PG&E began providing leak-related incentives for managers before a 2002 federal law took effect that required inspections for many gas pipelines, workers have stated. The federal rules instructed operators to use leak histories on urban pipelines when selecting an inspection method. Leaks can be caused by several things, including failures in longitudinal seam welds – the problem that caused the San Bruno explosion. If a transmission line has a history of a certain kind of longitudinal weld failure, federal rules require that the operator test it either by filling a pipe with high-pressure water or running an automated device through it.
PG&E has buried themselves further in that they rarely used those methods before the San Bruno blast, saying that pressure testing was inconvenient and expensive, and arguing that automated devices could not navigate many of its lines.
State regulators have concluded that these systemic violations of California law and federal safety regulations could result in significant fines for the company.
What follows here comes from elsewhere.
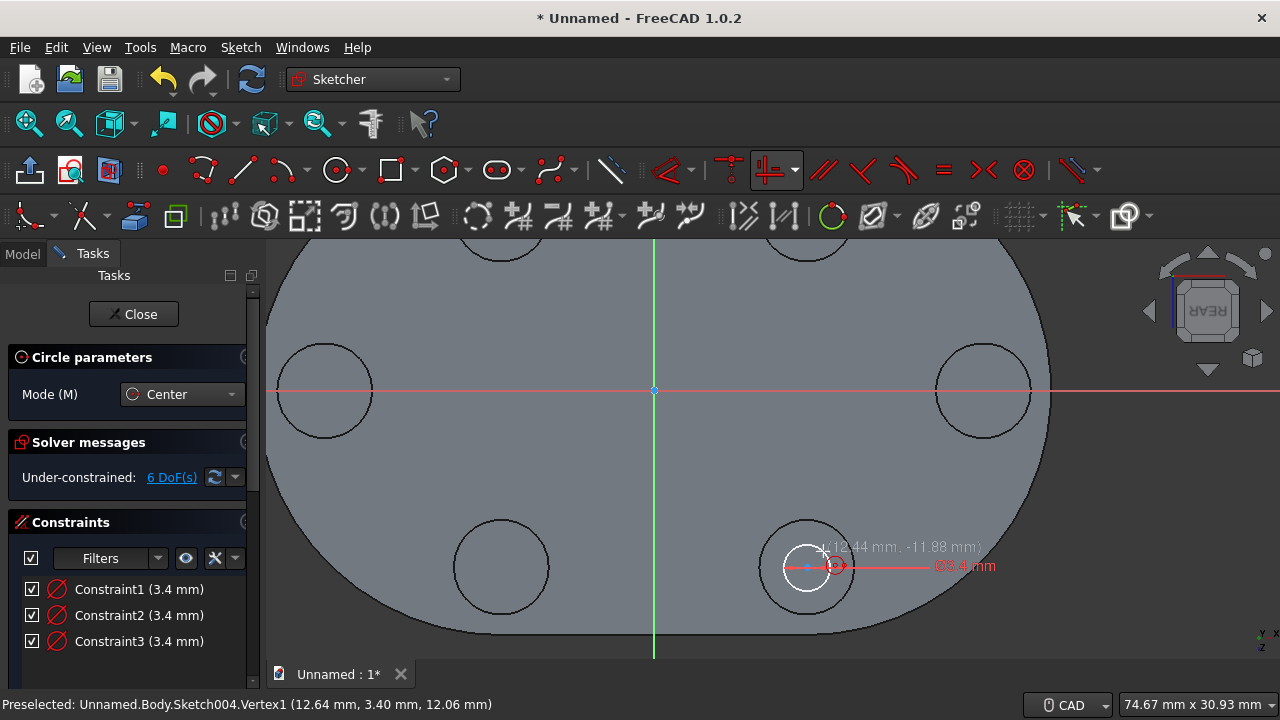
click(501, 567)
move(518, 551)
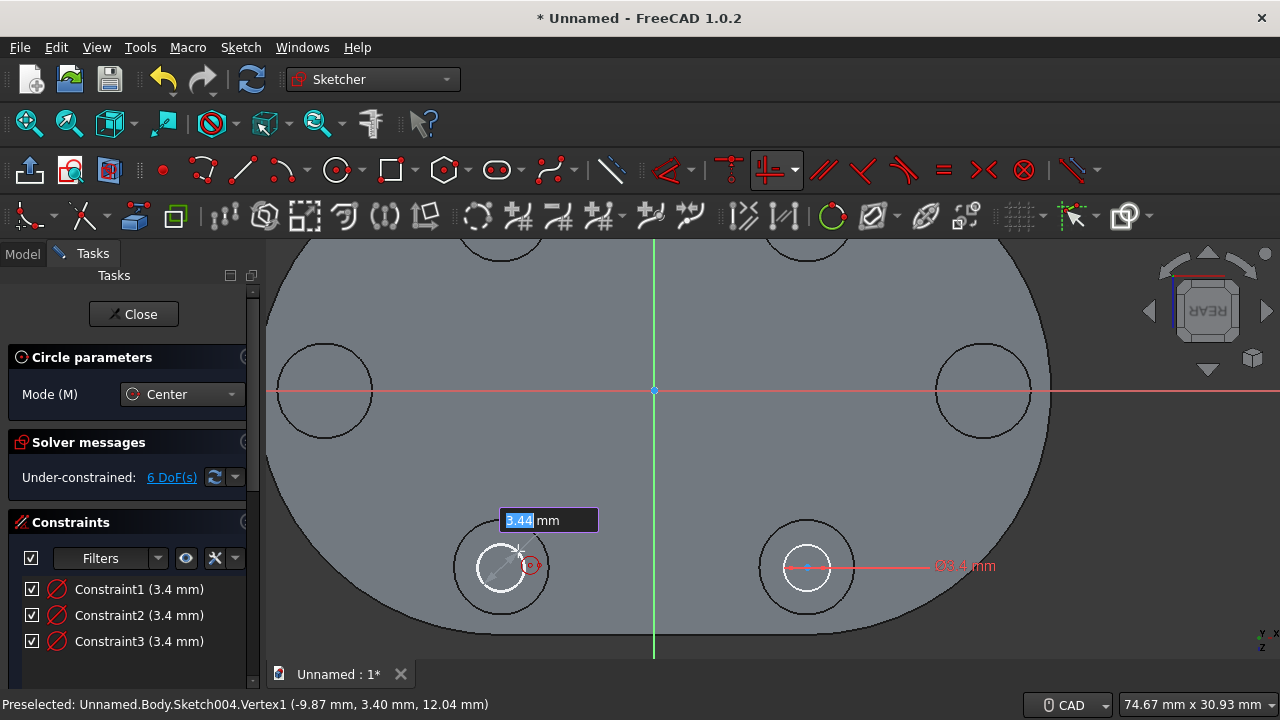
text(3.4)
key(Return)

Yet another a report from the California Public Utilities Commission has concluded what has become obvious; PG&E failed to follow accepted industry practice when installing the pipeline, failed to comply with federal pipeline integrity management requirements, kept inadequate records, and poorly collected and reported data.
The latest report opens an agency penalty consideration case on the disaster that will include public hearings and may conclude with “monetary fines and other remedies,” the commission said in a statement.
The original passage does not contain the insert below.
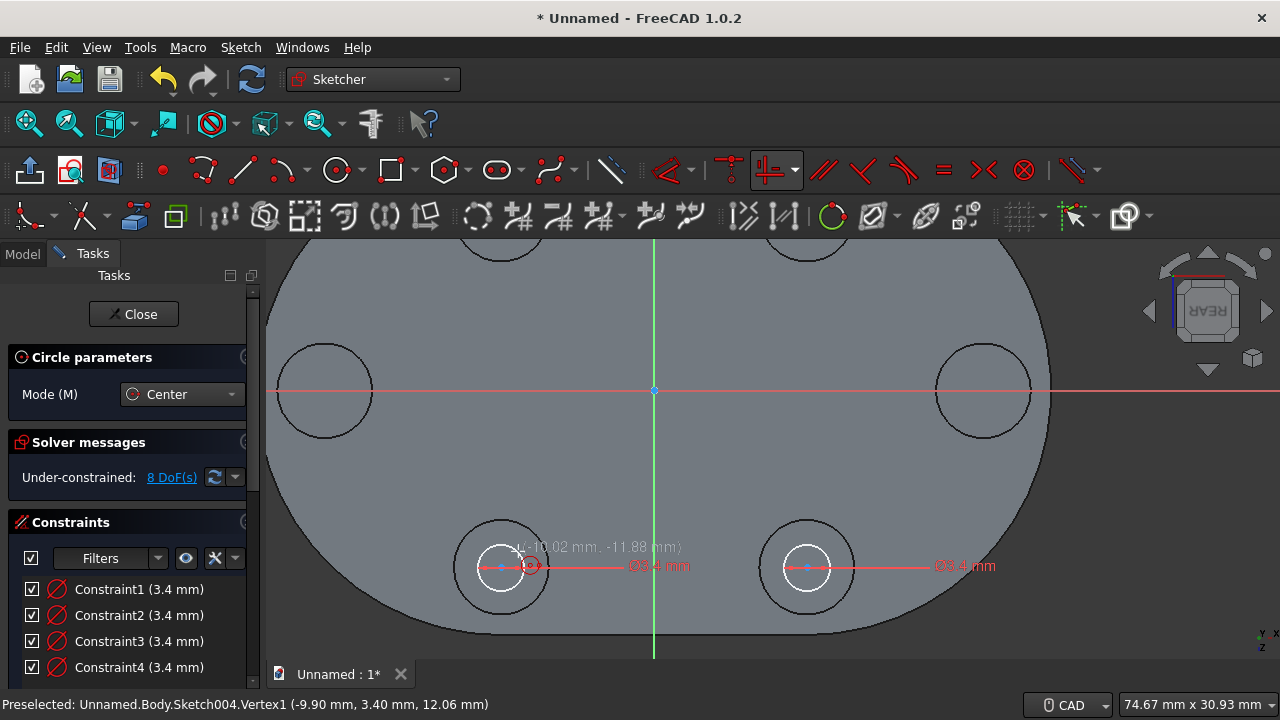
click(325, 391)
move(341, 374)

“We are now, essentially, giving PG&E its day in court,” commission President Michael Peevey said in the statement. “If we determine PG&E has violated the law, we are prepared to impose very significant fines.”
Last month, the CPUC approved a $38 million fine against PG&E for a 2008 natural gas explosion in Rancho Cordova near Sacramento that resulted in one fatality. That incident was minor compaired to The San Bruno explosion that leveled an entire neighborhood, killing eight people and injuring dozens.
PG&E President Chris Johns said in a statement Thursday that the company was taking the CPUC findings seriously and cooperating with the investigation.
“It is clear that PG&E’s past gas operations were not what they should have been,” Johns said. “We have admitted these shortcomings, and we are committed to raising the level of pipeline safety to new, higher standards.”
It’s a little too late, buddy.
National Transportation Safety Board investigators stated last year that the company had several chances to avert the disaster, but failed to do so. NTSB Chairwoman Deborah Hersman said her agency’s investigation showed “troubling revelations about a company that exploited weaknesses in a lax system of oversight and government agencies that placed a blind trust in operators to the detriment of public safety.”
At this point we can only hope that justice is served and this corporate giant that put profits over safety is made fully liable for their immense oversights, and that this whole mess serves as an expensive example to others.